◆ Task to carry out
Filter these entries down to lines holding "pixels".

Records from a collection
____________

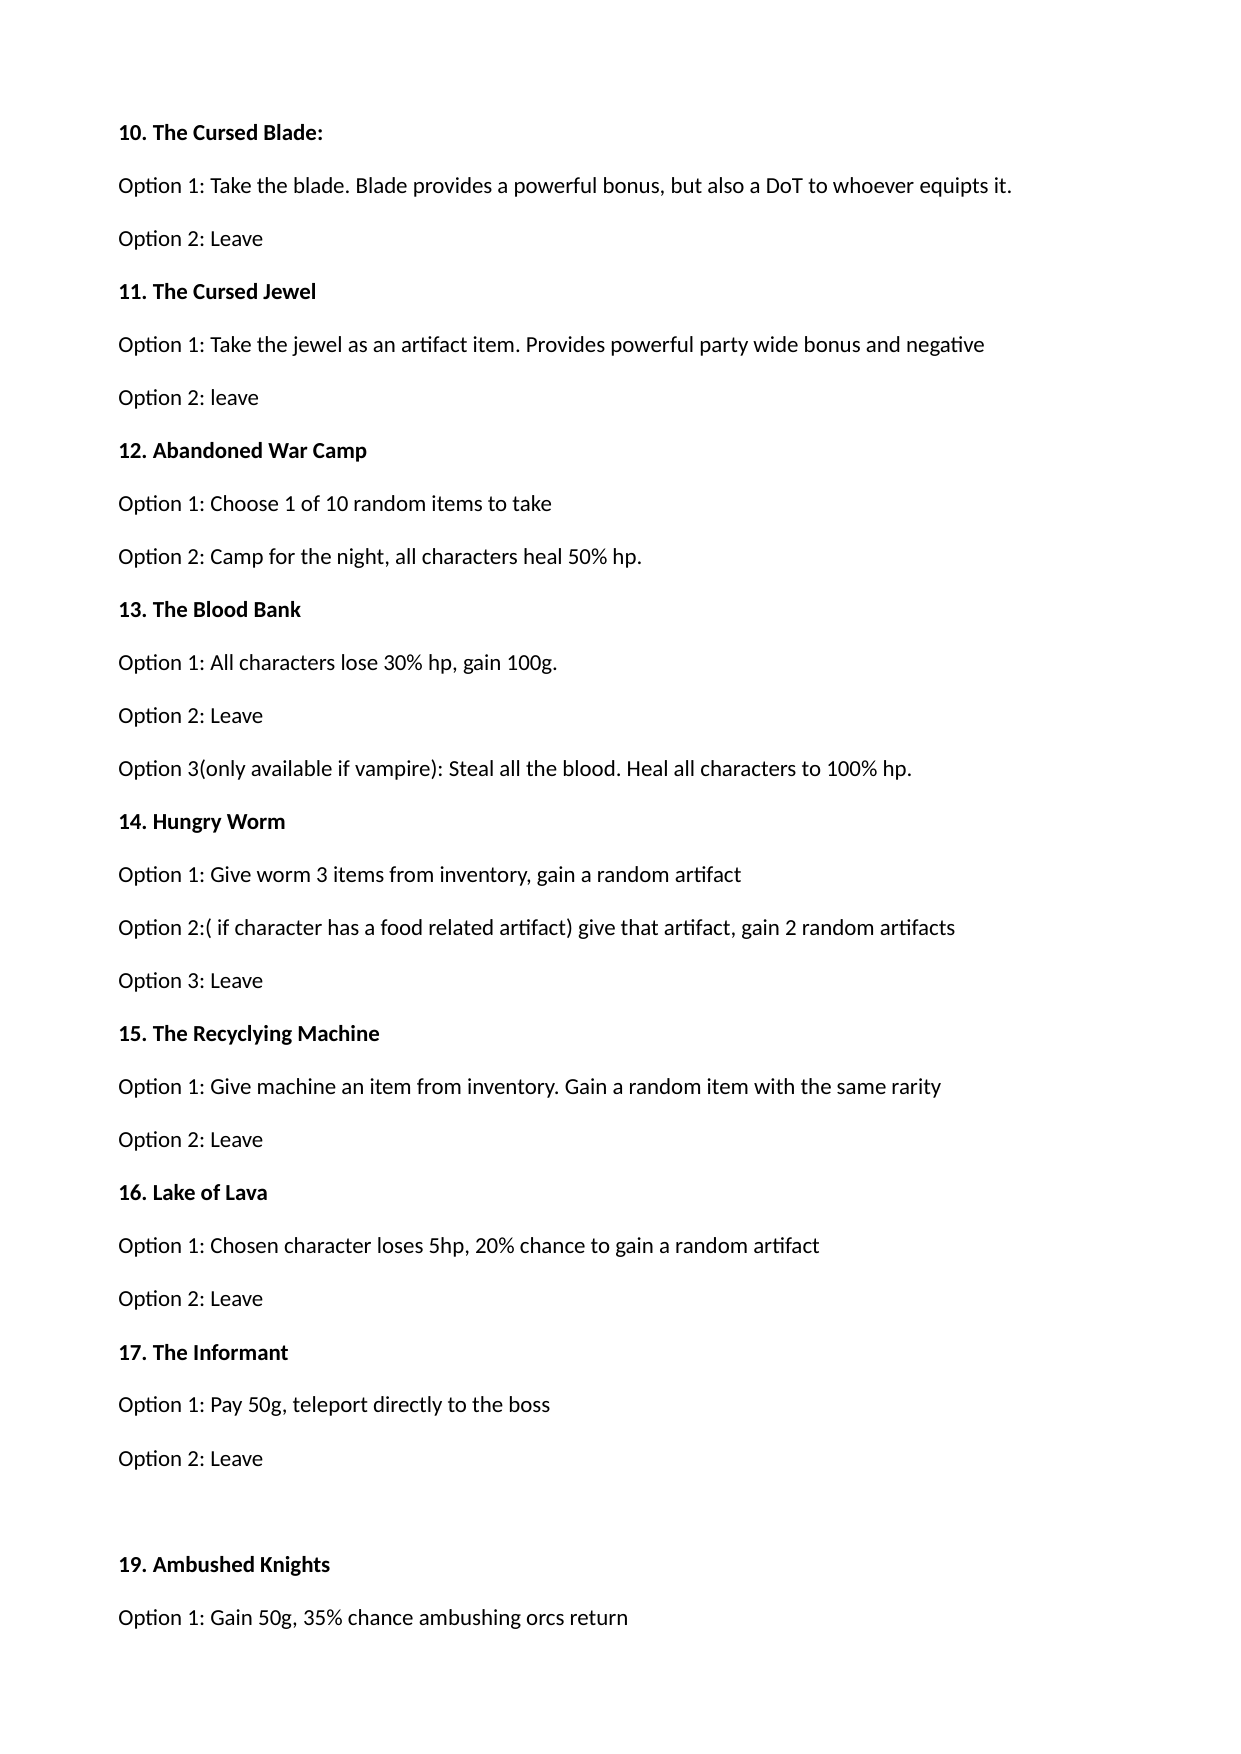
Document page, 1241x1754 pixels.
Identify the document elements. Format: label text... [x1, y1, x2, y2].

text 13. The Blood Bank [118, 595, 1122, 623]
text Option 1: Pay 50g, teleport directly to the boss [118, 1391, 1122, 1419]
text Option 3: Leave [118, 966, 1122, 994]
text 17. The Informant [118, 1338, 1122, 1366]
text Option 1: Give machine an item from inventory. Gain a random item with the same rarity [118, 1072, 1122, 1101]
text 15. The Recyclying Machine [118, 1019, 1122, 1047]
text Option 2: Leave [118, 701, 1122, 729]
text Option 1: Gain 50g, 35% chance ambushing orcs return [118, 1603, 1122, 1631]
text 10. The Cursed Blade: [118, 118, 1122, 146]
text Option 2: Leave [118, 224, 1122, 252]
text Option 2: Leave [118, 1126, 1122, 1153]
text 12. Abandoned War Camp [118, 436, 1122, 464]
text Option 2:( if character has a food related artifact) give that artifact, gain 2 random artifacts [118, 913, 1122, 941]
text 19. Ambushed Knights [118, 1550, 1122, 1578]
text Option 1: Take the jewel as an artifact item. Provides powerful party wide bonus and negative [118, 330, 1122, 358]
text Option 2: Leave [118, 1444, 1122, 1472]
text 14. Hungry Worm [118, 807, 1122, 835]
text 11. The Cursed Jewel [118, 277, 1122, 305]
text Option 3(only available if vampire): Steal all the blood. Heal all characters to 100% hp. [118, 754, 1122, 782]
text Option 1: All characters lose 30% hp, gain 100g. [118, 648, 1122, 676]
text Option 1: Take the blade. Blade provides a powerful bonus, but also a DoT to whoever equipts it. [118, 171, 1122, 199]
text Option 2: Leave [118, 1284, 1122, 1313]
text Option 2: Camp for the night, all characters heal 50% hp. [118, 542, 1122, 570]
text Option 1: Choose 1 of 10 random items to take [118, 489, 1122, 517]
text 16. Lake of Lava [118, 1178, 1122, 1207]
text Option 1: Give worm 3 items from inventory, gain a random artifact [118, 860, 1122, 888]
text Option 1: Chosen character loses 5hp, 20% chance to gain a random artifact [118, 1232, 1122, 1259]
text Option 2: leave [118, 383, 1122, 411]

____________

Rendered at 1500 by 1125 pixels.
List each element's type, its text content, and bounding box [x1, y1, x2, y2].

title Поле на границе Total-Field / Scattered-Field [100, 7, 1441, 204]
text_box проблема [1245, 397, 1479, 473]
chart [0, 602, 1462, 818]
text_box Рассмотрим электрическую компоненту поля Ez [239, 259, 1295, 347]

____________

◆ Answer to this task
Document page, 1241x1754 pixels.
Rendered at 1500 by 1125 pixels.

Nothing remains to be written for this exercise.